┌────────

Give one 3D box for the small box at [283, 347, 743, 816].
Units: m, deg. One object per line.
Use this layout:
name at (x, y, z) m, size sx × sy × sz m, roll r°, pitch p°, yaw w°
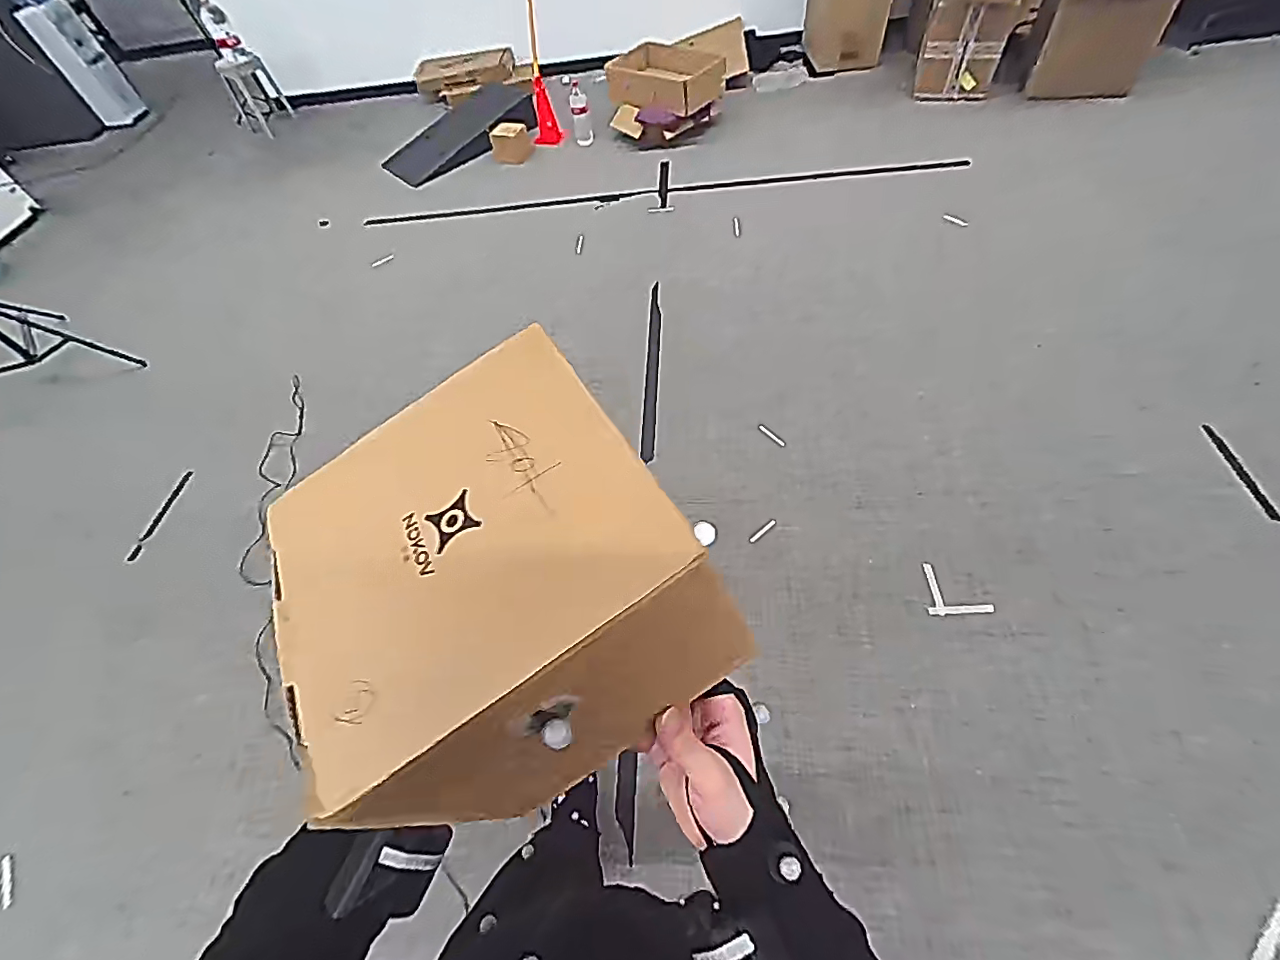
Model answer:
small box at (-0.060, 0.066, 0.318) m, size 0.179 × 0.176 × 0.168 m, roll -36°, pitch 56°, yaw -4°

└────────

Could you reproduce the listing above word for word while leaving out its pictures?

PROBLEM SOLUTION =>
Give one 3D box for the small box at [283, 347, 743, 816].
Units: m, deg. One object per line.
Use this layout:
name at (x, y, z) m, size sx × sy × sz m, roll r°, pitch p°, yaw w°
Model answer:
small box at (-0.060, 0.066, 0.318) m, size 0.179 × 0.176 × 0.168 m, roll -36°, pitch 56°, yaw -4°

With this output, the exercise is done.